Listing 12-2: Running the unscramble shell script game
Clearly an inspired guess on that first one!
Some method of offering a clue would make this game more interesting, as would a flag that requests the minimum word length that is acceptable. To accomplish the former, perhaps the first n letters of the unscrambled word could be shown for a certain penalty in the scoring; each clue requested would show one additional letter. For the latter, you’d need to have an expanded word dictionary as the one included with the script has a minimum word length of 10 letters—tricky!

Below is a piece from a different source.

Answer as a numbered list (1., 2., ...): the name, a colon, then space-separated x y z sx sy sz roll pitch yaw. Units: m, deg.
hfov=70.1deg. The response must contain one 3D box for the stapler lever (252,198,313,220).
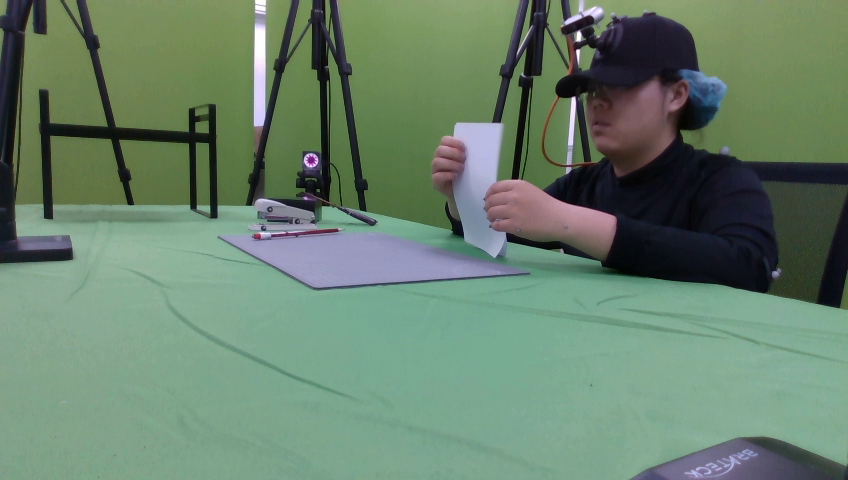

A word game with a macabre metaphor, hangman is nonetheless an enjoyable classic. In the game, you guess letters that might be in the hidden word, and each time you guess incorrectly, the man hanging on the gallows has an additional body part drawn in. Make too many wrong guesses, and the man is fully illustrated, so not only do you lose but, well, you presumably die too. Rather draconian consequences!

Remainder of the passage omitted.